Say that you have a dataset with weather data. However your weather dataset for some states is on the state level, but for other states is on a city level:
geo_data = [
{"state": "CA", "city": "Los Angeles", "average_temp": 66},
{"state": "HI", "city": None, "average_temp": 70},
{"state": "CA", "city": "San Francisco", "average_temp": 60},
]
geo_df = spark.createDataFrame(Row(**x) for x in geo_data).cache()
geo_df.show()
+------------+-------------+-----+
|average_temp| city|state|
+------------+-------------+-----+
| 66| Los Angeles| CA|
| 70| null| HI|
| 60|San Francisco| CA|
+------------+-------------+-----+
You want to join this weather data on a list of homes that you are interested in buying.

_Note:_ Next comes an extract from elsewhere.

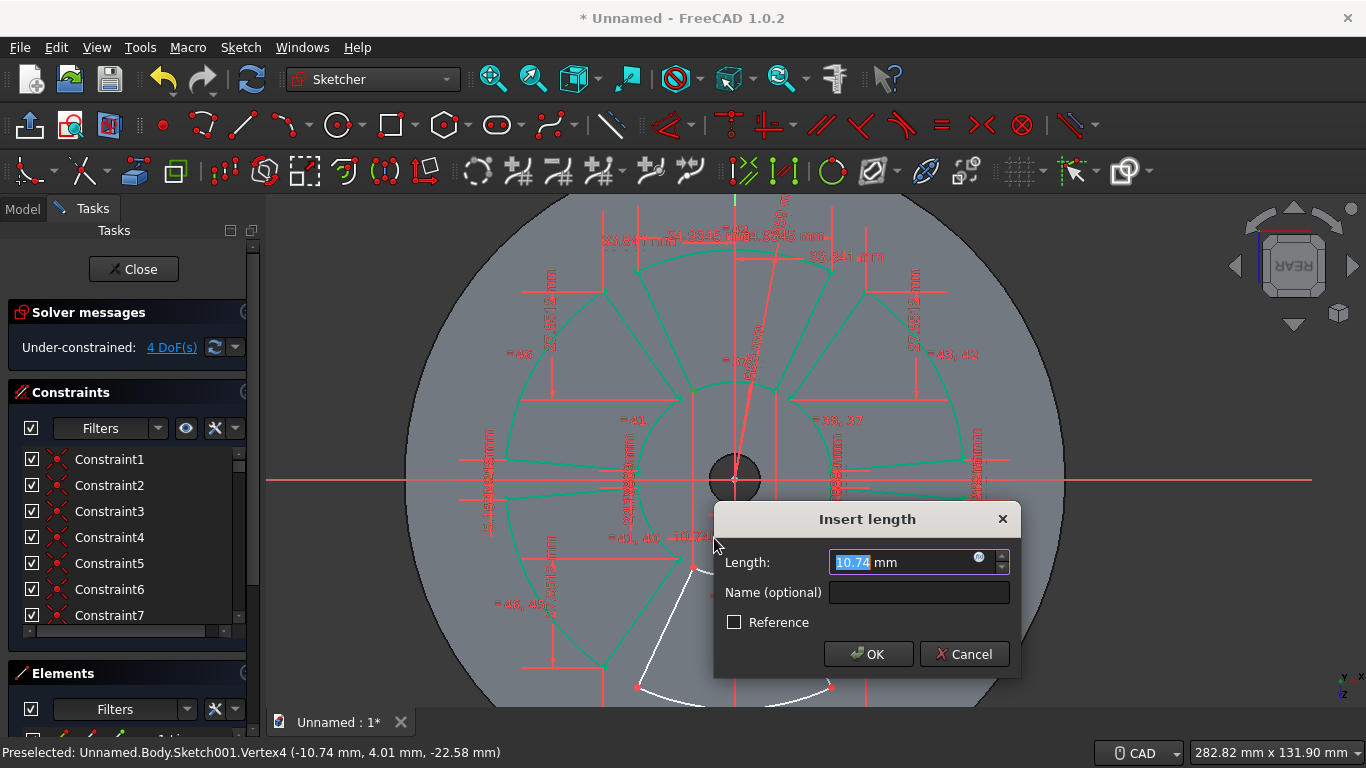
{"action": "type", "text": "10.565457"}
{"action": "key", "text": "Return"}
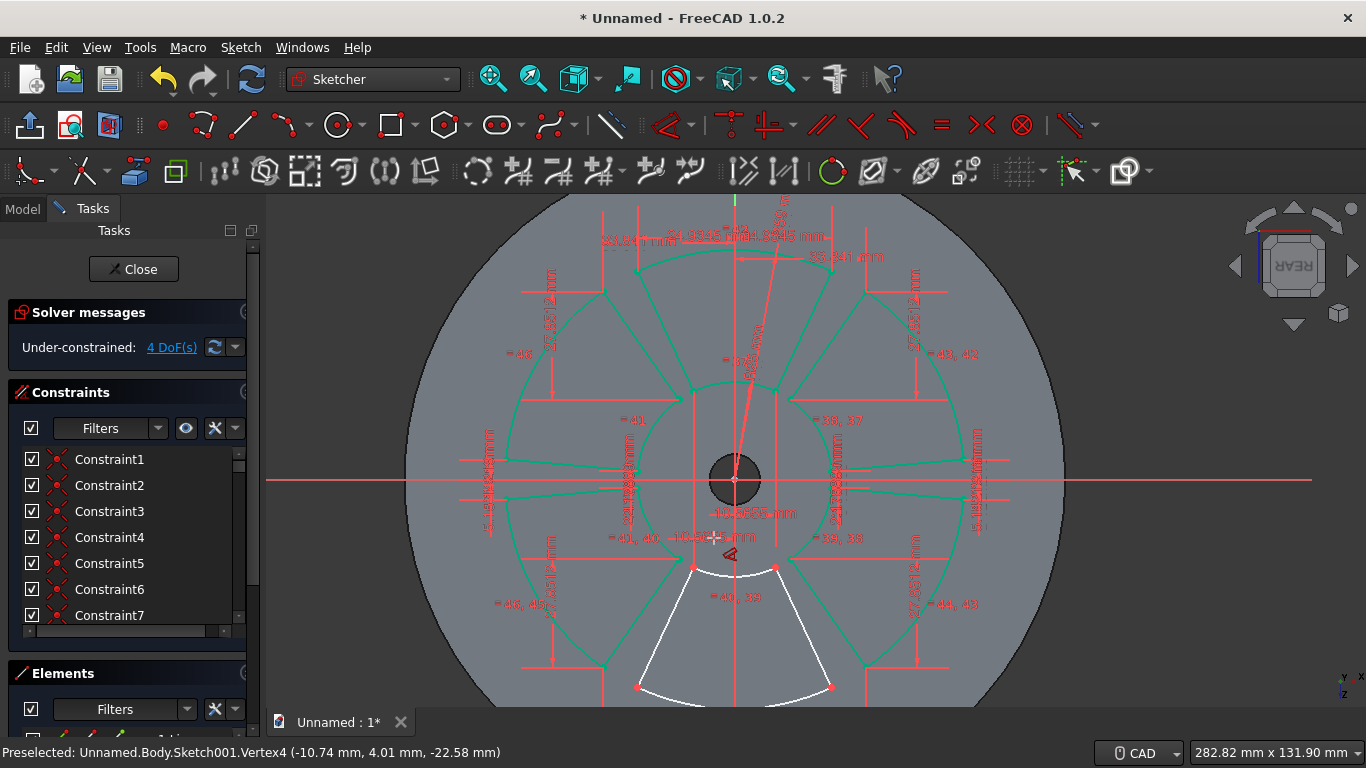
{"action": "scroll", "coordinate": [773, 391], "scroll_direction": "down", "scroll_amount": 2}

The homes table looks like the following:
house_data = [
{"mls": 111,"state": "CA", "city": "Los Angeles", "price": 1000000},
{"mls": 222, "state": "CA", "city": "San Francisco", "price": 1200000},
{"mls": 333, "state": "HI", "city": "Waimea", "price": 7000000},
{"mls": 444, "state": "HI", "city": "Hawaii Kai", "price": 8000000},
]
house_df = spark.createDataFrame(Row(**x) for x in house_data).cache()
house_df.show()
+-------------+---+-------+-----+
| city|mls| price|state|
+-------------+---+-------+-----+
| Los Angeles|111|1000000| CA|
|San Francisco|222|1200000| CA|
| Waimea|333|7000000| HI|
| Hawaii Kai|444|8000000| HI|
+-------------+---+-------+-----+
Now what can you do even though the resolution on the weather data does not match up with the resolution on the real estate data? The first thought may to be to use the eqNullSafe() operator in pyspark. But that function only applies when the value is null in both dataframes. Instead you can use an “or” statement in your join conditions
join_conditions = [
house_df.state == geo_df.state,
(house_df.city == geo_df.city) | (geo_df.city.isNull())
]
(
house_df
.join(
geo_df,
join_conditions,
"left"
)
.select(
"mls",
"price",
house_df.state,
house_df.city,
"average_temp"
)
.show()
)
+---+-------+-----+-------------+------------+
|mls| price|state| city|average_temp|
+---+-------+-----+-------------+------------+
|111|1000000| CA| Los Angeles| 66|
|222|1200000| CA|San Francisco| 60|
|333|7000000| HI| Waimea| 70|
|444|8000000| HI| Hawaii Kai| 70|
+---+-------+-----+-------------+------------+
There you go! Now you have your important weather data joined on to your house data so you can make a better assessment on where you would like to live next.